PMID 34016347 (2021): three, sessions — Performance in heat, Time-trial performance (study note for endurance athletes).

Last updated/Feb 23, 2026, 10:34 PM

Study note • PMID 34016347

Effects of three-exercise sessions in the heat on endurance cycling performance.

Journal of thermal biology2021 • DOI 10.1016/j.jtherbio.2021.102925
Evidence B71/100
Action 1: Default

Low risk + high feasibility for most athletes.

ELI5

In plain language

To investigate the effects of a very short-term acclimation protocol (VSTAP) on performance, physiological and perceptual responses to exercise in the heat. (randomized trial; trained cyclists).

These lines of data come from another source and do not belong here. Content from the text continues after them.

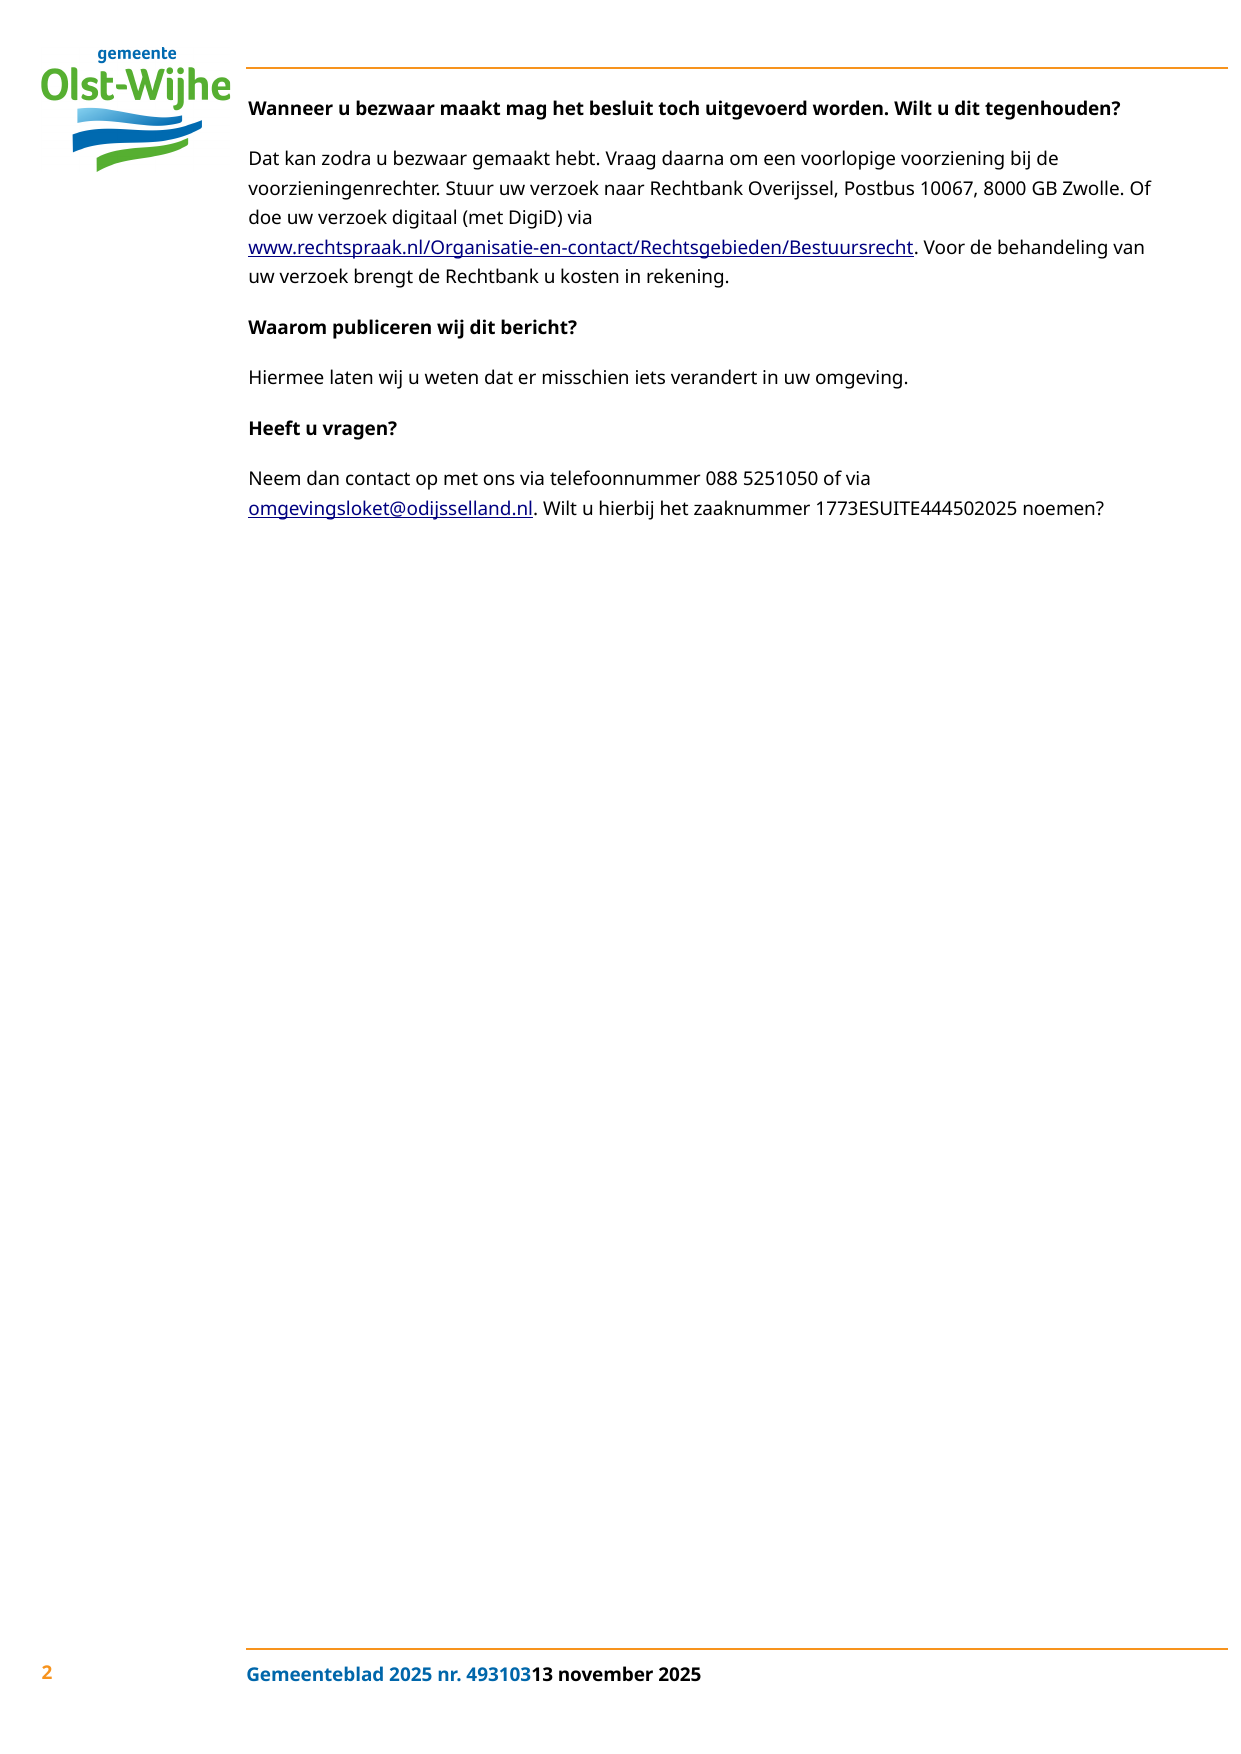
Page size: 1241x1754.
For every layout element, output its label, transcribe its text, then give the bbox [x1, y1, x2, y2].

text Hiermee laten wij u weten dat er misschien iets verandert in uw omgeving. [248, 364, 1152, 390]
picture [41, 47, 231, 172]
text Wanneer u bezwaar maakt mag het besluit toch uitgevoerd worden. Wilt u dit tegenhouden? [248, 95, 1152, 121]
text Neem dan contact op met ons via telefoonnummer 088 5251050 of via omgevingsloket@odijsselland.nl. Wilt u hierbij het zaaknummer 1773ESUITE444502025 noemen? [248, 465, 1152, 521]
text Heeft u vragen? [248, 415, 1152, 441]
text Waarom publiceren wij dit bericht? [248, 314, 1152, 340]
text Dat kan zodra u bezwaar gemaakt hebt. Vraag daarna om een voorlopige voorziening bij de voorzieningenrechter. Stuur uw verzoek naar Rechtbank Overijssel, Postbus 10067, 8000 GB Zwolle. Of doe uw verzoek digitaal (met DigiD) via www.rechtspraak.nl/Organisatie-en-contact/Rechtsgebieden/Bestuursrecht. Voor de behandeling van uw verzoek brengt de Rechtbank u kosten in rekening. [248, 145, 1152, 289]
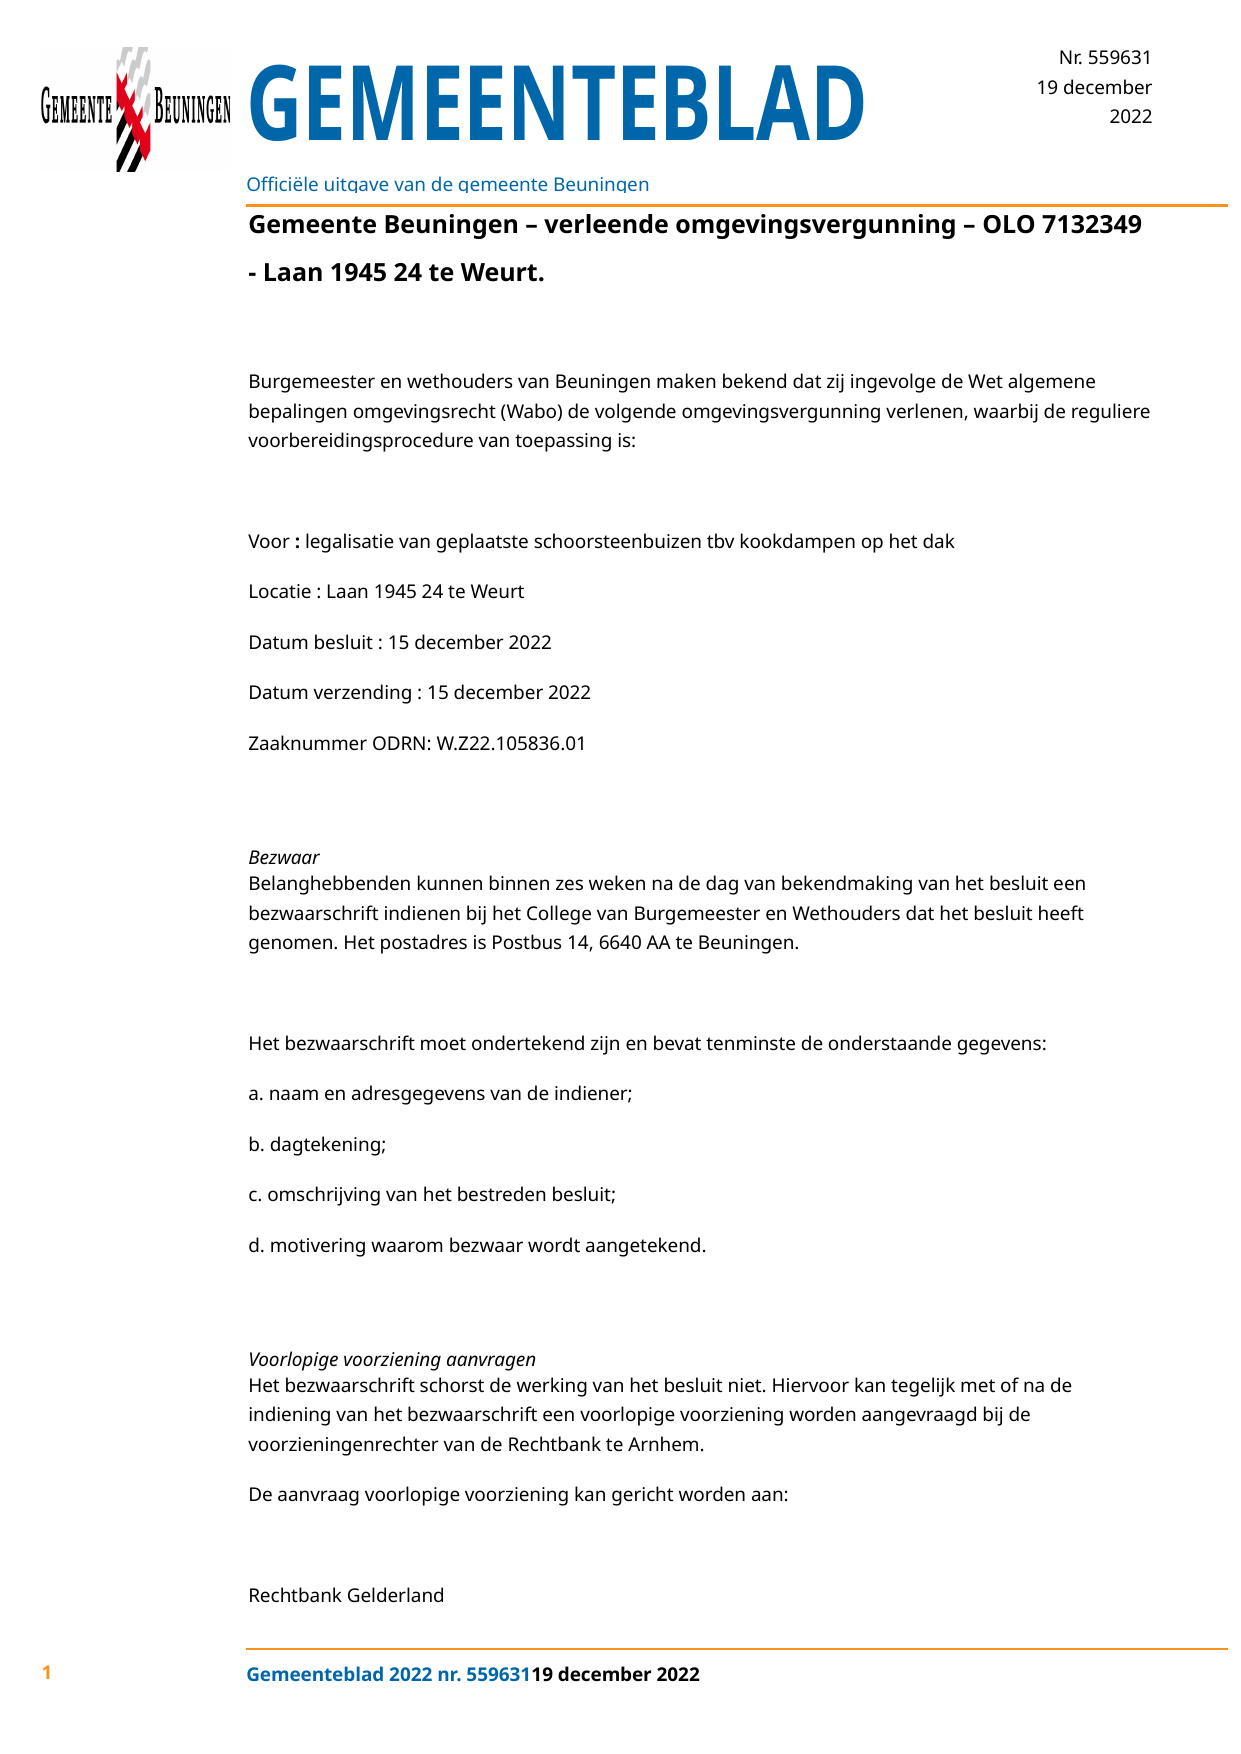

Effects on Performance in heat, Time-trial performance are mixed or unclear from the abstract alone. Treat this as a signal, not a guarantee; confirm methods and context in the full paper.

Takeaways

What the abstract suggests

  • Study question: To investigate the effects of a very short-term acclimation protocol (VSTAP) on performance, physiological and perceptual responses to exercise in the heat.
  • Effects on Performance in heat, Time-trial performance are mixed or unclear from the abstract alone.
  • Population: trained cyclists.
  • Protocol cues (title/abstract): 3 days • 90 min • 10min • 80 min • 4.5h.

Protocol

Protocol (as reported)

  • Intervention/exposure: three, sessions.
  • Dose/time/duration cues in abstract/title: 3 days • 90 min • 10min • 80 min • 4.5h.
  • Outcomes: Performance in heat, Time-trial performance.
  • Replication note: abstracts often omit adherence and timing; confirm details before changing training or supplementation.

Fit

Who it helps, and who should skip it

Who it helps

  • Athletes similar to the study population (trained cyclists) working on heat.
  • Athletes who can measure Performance in heat, Time-trial performance with a repeatable workout or time-trial effort.

Who should skip

  • If you have symptoms or conditions that make the intervention risky, get professional guidance.
  • If you’re near race day and can’t safely test, defer the experiment.

Methods

What the study actually did

  • Design: randomized trial.
  • Population: trained cyclists.
  • Outcomes measured: Performance in heat, Time-trial performance.
  • Protocol cues mentioned: 3 days • 90 min • 10min • 80 min • 4.5h.
  • Source: PubMed PMID 34016347 (2021) — Journal of thermal biology.

Results excerpt

What the abstract reports

decreased HR and TyT) and perceptual (i.e.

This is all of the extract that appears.